CSC Archive Re

How I built archive.cs-csc.online

It all began with a random talk…

It was a routine supper, but I happened to sit with Joseph, Giulio, and Richard Yiu. During our random conversation, as we were talking about Joseph’s role at the Challenger, our school newspaper, he told us they were seeking to make a website to display them. I agreed to help him, and a proposal was developed soon.

Right after the dinner, I began to work on this project. My knowledge on Flask and MySQL paid off, enabling me to finish the prototype less than 24 hours. I made a brief demonstration to the coreteam. Everyone was astonished by my productivity. Soon a further plan was made, with a friendly and proactive atmosphere set.

We even met with the principal and the market department of the school to further propagate this project.

This project is the first most production-ready application I have ever made. Different from previous projects, I spent most of the time on improving the stability and performance instead of developing all different functions.

Features and Cores

Overall Design

The project ends up with 3 parts: Flask as the core unit, MySQL for database, and a seperate service for file proxy.

Given the moderate expected traffic, I chose Flask for its simplicity, ease of deployment, and proven stability. Although frameworks like FastAPI offer better performance, Flask provided the ideal balance of speed and maintainability for our use case.

For MySQL, I used it because it was the only database I was good at. MySQL is famous for its enterprise-level stability and simplicity to act with Flask, but it is also infamous for its cost. If given enough time on this project in the future, I will consider to use MongoDB as a better alternative for its flexibility and cost efficiency. (I learnt this database in a new project ClioCard.)

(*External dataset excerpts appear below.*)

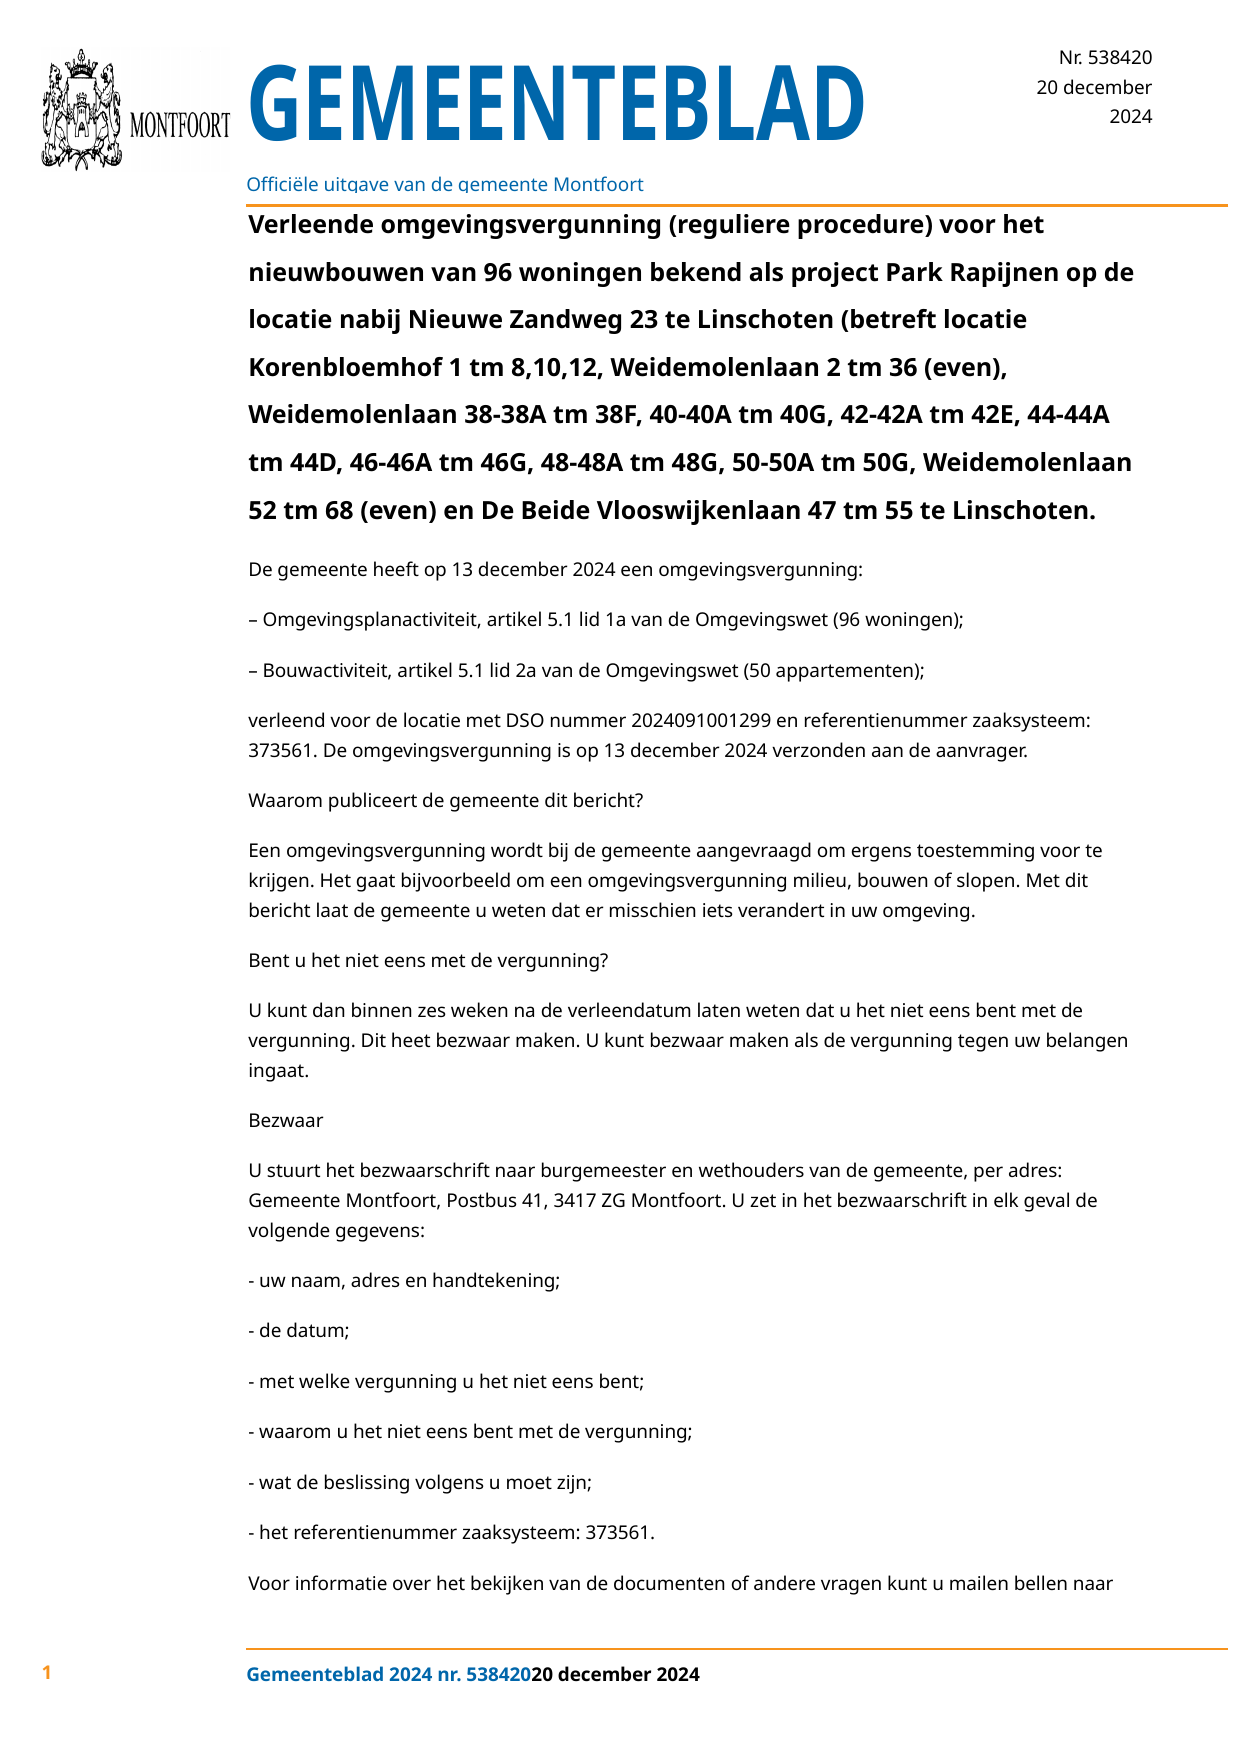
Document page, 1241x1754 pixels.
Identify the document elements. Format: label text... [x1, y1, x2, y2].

text Voor informatie over het bekijken van de documenten of andere vragen kunt u mailen bellen naar [248, 1570, 1152, 1595]
text Een omgevingsvergunning wordt bij de gemeente aangevraagd om ergens toestemming voor te krijgen. Het gaat bijvoorbeeld om een omgevingsvergunning milieu, bouwen of slopen. Met dit bericht laat de gemeente u weten dat er misschien iets verandert in uw omgeving. [248, 838, 1152, 922]
text - uw naam, adres en handtekening; [248, 1267, 1152, 1293]
text – Bouwactiviteit, artikel 5.1 lid 2a van de Omgevingswet (50 appartementen); [248, 657, 1152, 682]
text Bezwaar [248, 1107, 1152, 1133]
text - het referentienummer zaaksysteem: 373561. [248, 1519, 1152, 1545]
text Bent u het niet eens met de vergunning? [248, 947, 1152, 973]
picture [41, 47, 231, 172]
text - wat de beslissing volgens u moet zijn; [248, 1469, 1152, 1494]
text - de datum; [248, 1318, 1152, 1343]
text Verleende omgevingsvergunning (reguliere procedure) voor het nieuwbouwen van 96 woningen bekend als project Park Rapijnen op de locatie nabij Nieuwe Zandweg 23 te Linschoten (betreft locatie Korenbloemhof 1 tm 8,10,12, Weidemolenlaan 2 tm 36 (even), Weidemolenlaan 38-38A tm 38F, 40-40A tm 40G, 42-42A tm 42E, 44-44A tm 44D, 46-46A tm 46G, 48-48A tm 48G, 50-50A tm 50G, Weidemolenlaan 52 tm 68 (even) en De Beide Vlooswijkenlaan 47 tm 55 te Linschoten. [248, 207, 1152, 526]
text Waarom publiceert de gemeente dit bericht? [248, 787, 1152, 813]
text - waarom u het niet eens bent met de vergunning; [248, 1418, 1152, 1444]
text De gemeente heeft op 13 december 2024 een omgevingsvergunning: [248, 556, 1152, 582]
text verleend voor de locatie met DSO nummer 2024091001299 en referentienummer zaaksysteem: 373561. De omgevingsvergunning is op 13 december 2024 verzonden aan de aanvrager. [248, 707, 1152, 762]
text U stuurt het bezwaarschrift naar burgemeester en wethouders van de gemeente, per adres: Gemeente Montfoort, Postbus 41, 3417 ZG Montfoort. U zet in het bezwaarschrift in elk geval de volgende gegevens: [248, 1158, 1152, 1242]
text – Omgevingsplanactiviteit, artikel 5.1 lid 1a van de Omgevingswet (96 woningen); [248, 606, 1152, 632]
text U kunt dan binnen zes weken na de verleendatum laten weten dat u het niet eens bent met de vergunning. Dit heet bezwaar maken. U kunt bezwaar maken als de vergunning tegen uw belangen ingaat. [248, 998, 1152, 1082]
text - met welke vergunning u het niet eens bent; [248, 1368, 1152, 1394]

The reason why I decided to use a seperate file proxy, is to hide the real file blob of the pdf files. The proxy links should expire after a certain amount of time. This would protect the pdf files from unauthorized sharing. Taking account of Flask’s synchronous nature, proxying one file will use a whole thread of the web server. This will severely degrade the performance when multiple users are requesting files simultaneously. Therefore, the best approach is to apply a seperate microservice. Because of the proxy unit’s simplicity, I used a Cloudflare worker to do the job.

Database Overview

I keep the database setup simple.

The database consists of four main tables:

  1. Category: Organizes newspaper issues into categories (1-to-many relationship with newspaper_issue).
  2. Newspaper Issue: Stores issue metadata (e.g., title, author, issued_time), PDF paths, and view_power for access control.
  3. User: Manages login credentials, roles, and view_power to enforce access restrictions.
  4. Config: Holds global settings like stopwords for search and “About” page content.

Key Notes:

  • Relationships: Categories link to issues; access control uses view_power matching between users and issues.
  • Focus: Simplicity for scalability, with clear access control and category-based organization.

Features and notable details

  1. User Experience & Navigation
  • Homepage
    • Provides a general overview of the application and its purpose.
  • Archive Viewing
    • Seamlessly access and browse archived issues.
  • Date-based Navigation
    • Quickly find issues by specific months or days.
  • Search Functionality
    • Perform efficient keyword-based searches.
  • Document Viewing
    • Easily access full documents or their text content.
  1. Content Management
  • About Page Management
    • Edit and update the “About” section directly from the admin panel.
  • Category Management
    • Add, edit, or remove categories to organize content effectively.
  • File Uploading
    • Upload and manage files or documents with ease.
  • Issue Management
    • Edit or delete specific newspaper issues in the archive.
  • Stopword Management
    • Customize and edit stopwords to improve search results.
  1. User Administration & Security
  • User Authentication
    • Enable secure login for existing users and registration for new users.
  • User Management
    • Admins can manage user accounts, including adding, updating, or removing users.
  • Admin Dashboard
    • A centralized panel for managing all application features and settings.

Here are some important details:

Viewing Issue

Metadata are displayed nicely with Jinja template, while handling document display required additional effort. These document(pdf) files are stored in a private Google Cloud Storage bucket. When a file is requested, a signed url expiring in FILE_LINK_EXPIRE_TIME_SEC seconds will be generated to ensure security.

I spent nights and days wrestling with Google PDF proxy issue. I even got a little depressed after figuring out the PDF viewer’s strict url format. Fortunately, the idea of utilizing Cloudflare proxy as microservice saved my day.

However, since the Google PDF viewer does not support file url with GET parameters, I deployed a microservice for specifically handling file proxy. When a document is requested, the signed URL is sent to the proxy, which converts it into a parameter-free URL, which is then embedded into the template. When the document page is rendered by the user, the proxy forwards the request to the original signed URL. This approach effectively secures the URLs while ensuring smooth functionality.

Searching with fields

This is achieved through SQL ORM technology, similar to core code of Webird. Being different from the core code of webird, the fields are obtained through GET params. Since several pages have the same searching form, a standalone template for searching field is reused.

Auth and Access Control

Considering some students deliver some sensitive ideas on the newspaper, we may control the access to the whole database.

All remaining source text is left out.